1. removed the transcriber_pretrained/speller from utils

2. introduced get_mongo_coll to get the collection object directly from mongo uri 3. removed processing of correction entries to remove space/upper casing
2026-06-13 12:32:08 +00:00 · 2020-06-04 17:49:16 +05:30
parent e3a01169c2
commit bca227a7d7
5 changed files with 42 additions and 50 deletions
--- a/jasper/data/validation/process.py
+++ b/jasper/data/validation/process.py
@@ -24,6 +24,7 @@ def preprocess_datapoint(
    import librosa.display
    from pydub import AudioSegment
    from nemo.collections.asr.metrics import word_error_rate
+    from jasper.client import transcribe_gen

    try:
        res = dict(sample)
@@ -36,7 +37,7 @@ def preprocess_datapoint(
            res["spoken"] = res["text"]
        res["utterance_id"] = audio_path.stem
        if not annotation_only:
-            from jasper.client import transcriber_pretrained, transcriber_speller
+            transcriber_pretrained = transcribe_gen(asr_port=8044)

            aud_seg = (
                AudioSegment.from_file_using_temporary_files(audio_path)
@@ -49,6 +50,7 @@ def preprocess_datapoint(
                [res["text"]], [res["pretrained_asr"]]
            )
            if use_domain_asr:
+                transcriber_speller = transcribe_gen(asr_port=8045)
                res["domain_asr"] = transcriber_speller(aud_seg.raw_data)
                res["domain_wer"] = word_error_rate(
                    [res["spoken"]], [res["pretrained_asr"]]
@@ -74,19 +76,19 @@ def preprocess_datapoint(

@app.command()
 def dump_validation_ui_data(
-    data_manifest_path: Path = typer.Option(
-        Path("./data/asr_data/call_alphanum/manifest.json"), show_default=True
+    dataset_path: Path = typer.Option(
+        Path("./data/asr_data/call_alphanum"), show_default=True
    ),
-    dump_path: Path = typer.Option(
-        Path("./data/valiation_data/ui_dump.json"), show_default=True
-    ),
-    use_domain_asr: bool = True,
-    annotation_only: bool = True,
+    dump_name: str = typer.Option("ui_dump.json", show_default=True),
+    use_domain_asr: bool = False,
+    annotation_only: bool = False,
    enable_plots: bool = True,
 ):
    from concurrent.futures import ThreadPoolExecutor
    from functools import partial

+    data_manifest_path = dataset_path / Path("manifest.json")
+    dump_path: Path = Path(f"./data/valiation_data/{dataset_path.stem}/{dump_name}")
    plot_dir = data_manifest_path.parent / Path("wav_plots")
    plot_dir.mkdir(parents=True, exist_ok=True)
    typer.echo(f"Using data manifest:{data_manifest_path}")
@@ -137,7 +139,7 @@ def dump_validation_ui_data(

@app.command()
 def dump_corrections(dump_path: Path = Path("./data/valiation_data/corrections.json")):
-    col = get_mongo_conn().test.asr_validation
+    col = get_mongo_conn(col='asr_validation')

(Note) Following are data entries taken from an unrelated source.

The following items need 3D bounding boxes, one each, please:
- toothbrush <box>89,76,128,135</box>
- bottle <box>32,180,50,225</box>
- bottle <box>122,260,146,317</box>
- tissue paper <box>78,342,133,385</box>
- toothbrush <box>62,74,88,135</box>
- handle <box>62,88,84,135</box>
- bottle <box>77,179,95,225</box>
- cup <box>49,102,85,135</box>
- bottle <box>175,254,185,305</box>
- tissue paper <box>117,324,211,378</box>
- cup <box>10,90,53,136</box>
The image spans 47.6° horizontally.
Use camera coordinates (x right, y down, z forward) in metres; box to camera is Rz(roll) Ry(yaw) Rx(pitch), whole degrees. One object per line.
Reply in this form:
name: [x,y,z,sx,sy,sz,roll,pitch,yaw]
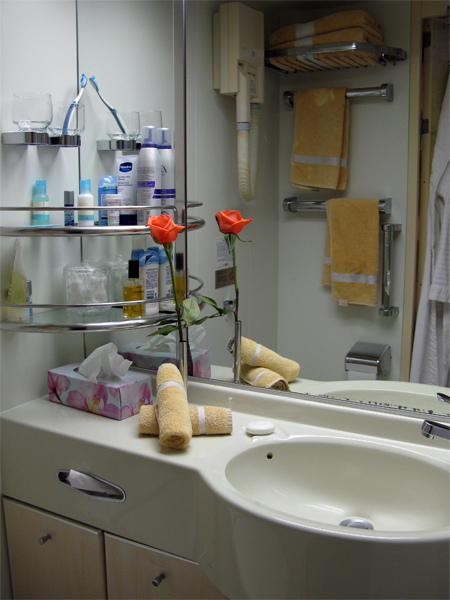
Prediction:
toothbrush: [-0.313,-0.519,1.353,0.018,0.195,0.021,-33,-12,15]
bottle: [-0.451,-0.237,1.243,0.041,0.103,0.097,-2,8,-19]
bottle: [-0.225,-0.030,1.218,0.055,0.135,0.041,6,9,39]
tissue paper: [-0.314,0.166,1.261,0.127,0.091,0.128,-10,4,-9]
toothbrush: [-0.363,-0.505,1.269,0.021,0.229,0.038,6,-22,-1]
handle: [-0.374,-0.460,1.248,0.015,0.162,0.027,14,3,-37]
bottle: [-0.334,-0.232,1.221,0.029,0.119,0.032,12,33,6]
cup: [-0.376,-0.434,1.219,0.051,0.094,0.096,3,6,17]
bottle: [-0.114,-0.052,1.263,0.029,0.131,0.028,1,16,0]
tissue paper: [-0.168,0.126,1.415,0.321,0.147,0.043,5,9,29]
cup: [-0.421,-0.415,1.170,0.090,0.115,0.096,3,7,0]
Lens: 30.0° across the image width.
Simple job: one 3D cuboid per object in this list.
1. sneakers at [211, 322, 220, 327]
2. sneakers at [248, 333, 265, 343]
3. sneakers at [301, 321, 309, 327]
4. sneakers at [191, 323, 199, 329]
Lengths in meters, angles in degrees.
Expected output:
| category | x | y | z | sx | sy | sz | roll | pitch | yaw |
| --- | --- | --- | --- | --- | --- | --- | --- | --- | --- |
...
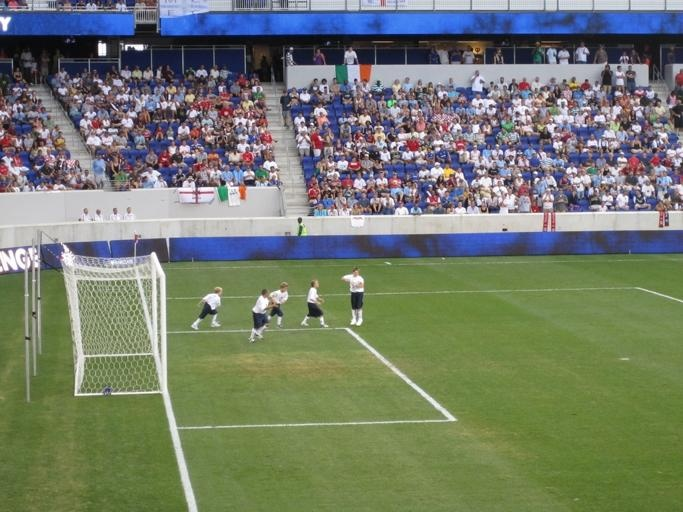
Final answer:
| category | x | y | z | sx | sy | sz | roll | pitch | yaw |
| --- | --- | --- | --- | --- | --- | --- | --- | --- | --- |
| sneakers | -4.388 | 2.355 | 44.893 | 0.322 | 0.171 | 0.118 | -1 | 7 | 11 |
| sneakers | -2.882 | 2.725 | 43.335 | 0.204 | 0.254 | 0.542 | 6 | -19 | -38 |
| sneakers | -1.262 | 2.307 | 45.211 | 0.230 | 0.260 | 0.163 | -6 | 13 | -22 |
| sneakers | -5.072 | 2.387 | 44.648 | 0.167 | 0.134 | 0.391 | -49 | 9 | -9 |
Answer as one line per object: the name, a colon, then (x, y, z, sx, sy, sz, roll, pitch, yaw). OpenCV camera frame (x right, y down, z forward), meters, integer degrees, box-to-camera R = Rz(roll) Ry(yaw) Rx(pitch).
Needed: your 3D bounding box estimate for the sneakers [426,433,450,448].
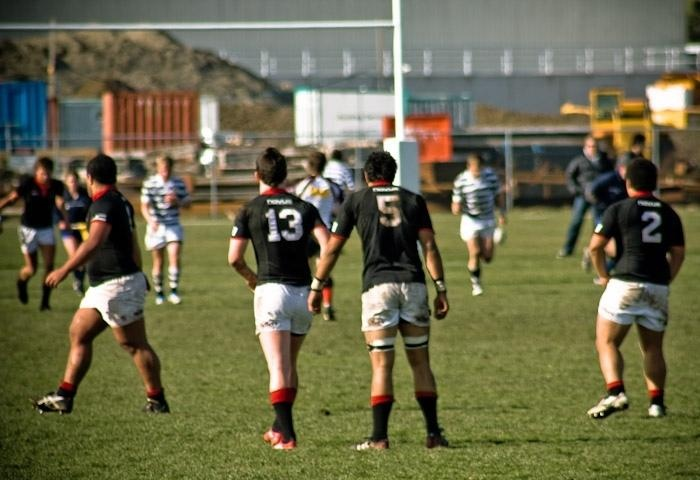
sneakers: (1.001, 2.268, 15.197, 0.107, 0.139, 0.305, 2, 2, 26)

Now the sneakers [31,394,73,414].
sneakers: (-3.429, 1.891, 15.641, 0.500, 0.280, 0.189, 7, 0, 0)

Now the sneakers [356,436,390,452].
sneakers: (0.274, 2.314, 15.248, 0.382, 0.162, 0.143, 2, -5, 4)

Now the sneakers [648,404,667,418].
sneakers: (3.629, 2.010, 15.712, 0.169, 0.150, 0.139, 27, -33, -32)

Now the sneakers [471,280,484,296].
sneakers: (1.896, 0.729, 19.771, 0.218, 0.265, 0.173, -1, -11, 5)

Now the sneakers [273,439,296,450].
sneakers: (-0.731, 2.317, 15.238, 0.199, 0.085, 0.113, 4, -1, 9)

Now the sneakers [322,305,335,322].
sneakers: (-0.288, 1.023, 18.980, 0.179, 0.310, 0.190, -5, 7, 0)

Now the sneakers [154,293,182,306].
sneakers: (-2.668, 0.888, 19.779, 0.431, 0.197, 0.164, -2, 0, 11)
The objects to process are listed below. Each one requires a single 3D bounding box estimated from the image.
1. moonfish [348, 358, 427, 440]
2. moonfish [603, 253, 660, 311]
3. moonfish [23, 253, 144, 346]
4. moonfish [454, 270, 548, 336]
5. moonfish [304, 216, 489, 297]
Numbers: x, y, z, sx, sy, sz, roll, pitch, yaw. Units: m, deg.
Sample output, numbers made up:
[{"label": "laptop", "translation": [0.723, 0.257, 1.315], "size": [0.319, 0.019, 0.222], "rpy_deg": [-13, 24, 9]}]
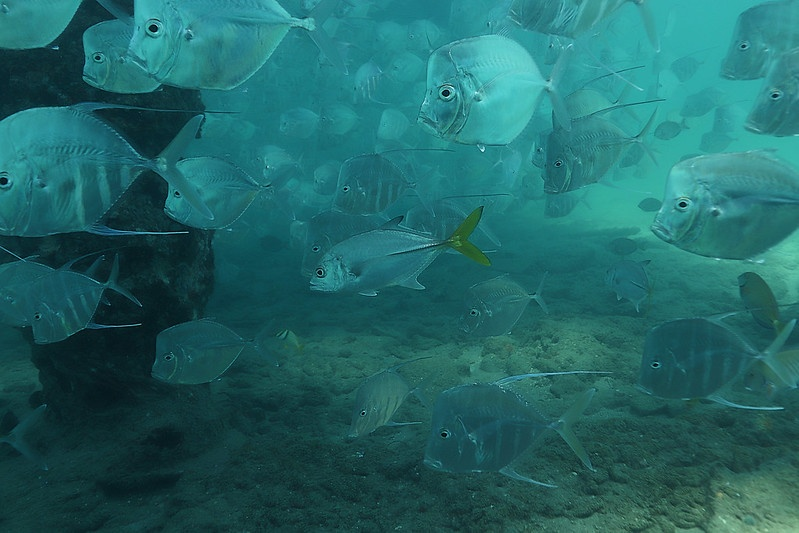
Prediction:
[{"label": "moonfish", "translation": [-0.197, 1.431, 7.685], "size": [0.700, 0.633, 0.246], "rpy_deg": [-6, 26, -33]}, {"label": "moonfish", "translation": [2.994, 0.177, 9.157], "size": [0.341, 0.587, 1.063], "rpy_deg": [0, 15, -21]}, {"label": "moonfish", "translation": [-3.308, 0.356, 7.544], "size": [1.243, 0.812, 0.239], "rpy_deg": [-22, 2, 9]}, {"label": "moonfish", "translation": [1.290, 0.472, 8.687], "size": [1.270, 0.753, 0.195], "rpy_deg": [-14, 14, -20]}, {"label": "moonfish", "translation": [-0.039, -0.082, 7.735], "size": [1.951, 0.767, 0.512], "rpy_deg": [-10, -7, 17]}]
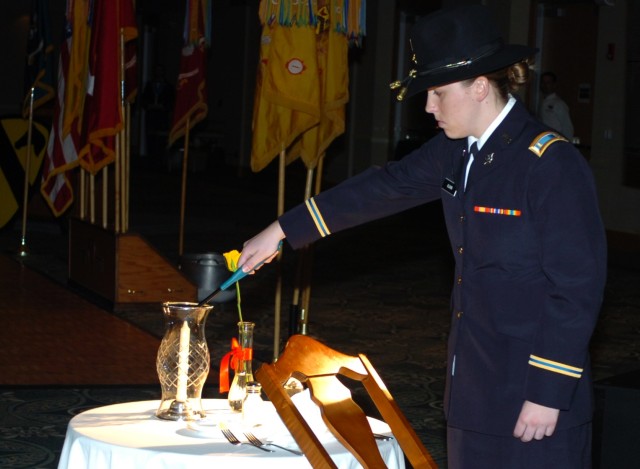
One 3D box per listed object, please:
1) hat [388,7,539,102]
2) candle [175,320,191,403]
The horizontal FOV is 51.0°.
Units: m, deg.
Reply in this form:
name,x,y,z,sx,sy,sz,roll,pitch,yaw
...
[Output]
name,x,y,z,sx,sy,sz,roll,pitch,yaw
hat,0.392,-0.481,1.938,0.305,0.182,0.284,-14,8,-21
candle,-0.410,0.387,2.023,0.040,0.258,0.068,-2,3,-16
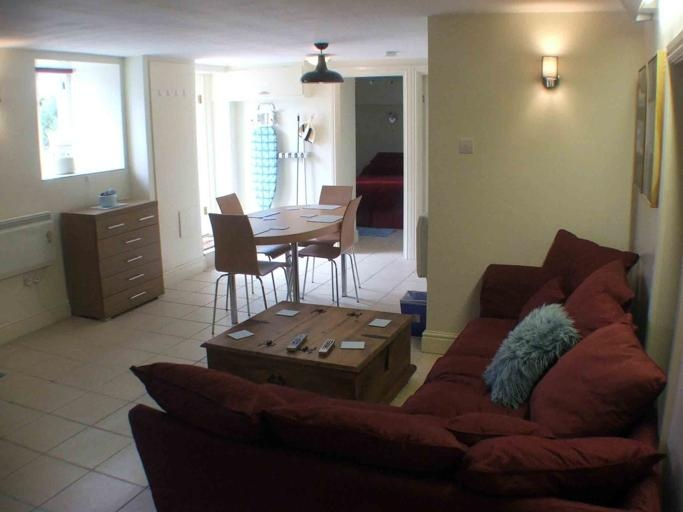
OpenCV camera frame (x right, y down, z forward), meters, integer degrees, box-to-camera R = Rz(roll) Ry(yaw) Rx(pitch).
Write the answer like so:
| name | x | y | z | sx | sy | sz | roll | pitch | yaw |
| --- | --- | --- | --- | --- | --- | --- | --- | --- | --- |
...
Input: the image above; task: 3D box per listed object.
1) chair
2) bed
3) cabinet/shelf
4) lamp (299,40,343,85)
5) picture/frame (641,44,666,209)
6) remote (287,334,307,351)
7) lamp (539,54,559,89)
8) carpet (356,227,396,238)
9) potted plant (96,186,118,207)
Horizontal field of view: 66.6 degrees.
| name | x | y | z | sx | sy | sz | roll | pitch | yaw |
| --- | --- | --- | --- | --- | --- | --- | --- | --- | --- |
| chair | -0.590 | 0.034 | 5.481 | 0.623 | 1.187 | 1.746 | 5 | 12 | 20 |
| bed | 0.708 | -1.346 | 10.593 | 1.040 | 1.165 | 1.920 | 1 | 10 | 13 |
| cabinet/shelf | -2.423 | 0.047 | 5.351 | 0.588 | 1.227 | 1.065 | 2 | 11 | 23 |
| lamp | -0.214 | -2.004 | 5.412 | 0.391 | 0.483 | 0.799 | 0 | 9 | -4 |
| picture/frame | 1.623 | -0.646 | 2.691 | 0.106 | 0.766 | 0.529 | 5 | 10 | 29 |
| remote | -0.297 | 0.573 | 3.447 | 0.049 | 0.039 | 0.167 | 4 | 15 | 15 |
| lamp | 1.565 | -1.373 | 3.877 | 0.130 | 0.236 | 0.082 | 4 | 10 | 20 |
| carpet | 0.628 | -0.416 | 9.094 | 0.666 | 0.076 | 0.861 | 1 | 9 | 4 |
| potted plant | -2.452 | -0.607 | 5.423 | 0.157 | 0.187 | 0.209 | 0 | -1 | -23 |
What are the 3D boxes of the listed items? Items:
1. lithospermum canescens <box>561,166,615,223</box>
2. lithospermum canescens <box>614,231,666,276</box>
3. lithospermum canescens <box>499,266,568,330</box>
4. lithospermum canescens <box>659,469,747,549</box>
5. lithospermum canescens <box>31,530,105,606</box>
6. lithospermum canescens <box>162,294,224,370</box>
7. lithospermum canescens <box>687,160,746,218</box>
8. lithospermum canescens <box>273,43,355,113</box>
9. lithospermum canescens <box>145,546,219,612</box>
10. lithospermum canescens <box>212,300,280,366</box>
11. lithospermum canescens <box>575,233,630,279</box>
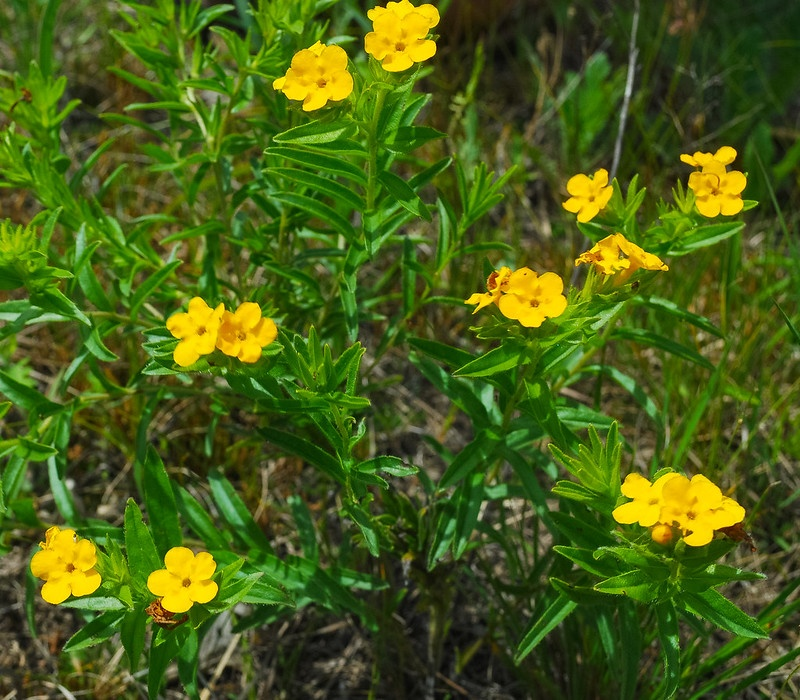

    cursor_obj = col.find({"type": "correction"}, projection={"_id": False})
    corrections = [c for c in cursor_obj]
@@ -154,7 +156,7 @@ def fill_unannotated(
    annotated_codes = {c["code"] for c in corrections}
    all_codes = {c["gold_chars"] for c in processed_data}
    unann_codes = all_codes - annotated_codes
-    mongo_conn = get_mongo_conn().test.asr_validation
+    mongo_conn = get_mongo_conn(col='asr_validation')
    for c in unann_codes:
        mongo_conn.find_one_and_update(
            {"type": "correction", "code": c},
@@ -232,7 +234,7 @@ def update_corrections(
 def clear_mongo_corrections():
    delete = typer.confirm("are you sure you want to clear mongo collection it?")
    if delete:
-        col = get_mongo_conn().test.asr_validation
+        col = get_mongo_conn(col='asr_validation')
        col.delete_many({"type": "correction"})
        typer.echo("deleted mongo collection.")
    typer.echo("Aborted")
--- a/jasper/data/validation/ui.py
+++ b/jasper/data/validation/ui.py
@@ -9,7 +9,7 @@ app = typer.Typer()


 if not hasattr(st, "mongo_connected"):
-    st.mongoclient = get_mongo_conn().test.asr_validation
+    st.mongoclient = get_mongo_conn(col='asr_validation')
    mongo_conn = st.mongoclient

    def current_cursor_fn():
@@ -111,9 +111,8 @@ def main(manifest: Path):
    if selected == "Inaudible":
        corrected = ""
    if st.button("Submit"):
-        correct_code = corrected.replace(" ", "").upper()
        st.update_entry(
-            sample["utterance_id"], {"status": selected, "correction": correct_code}
+            sample["utterance_id"], {"status": selected, "correction": corrected}
        )
        st.update_cursor(sample_no + 1)
    if correction_entry: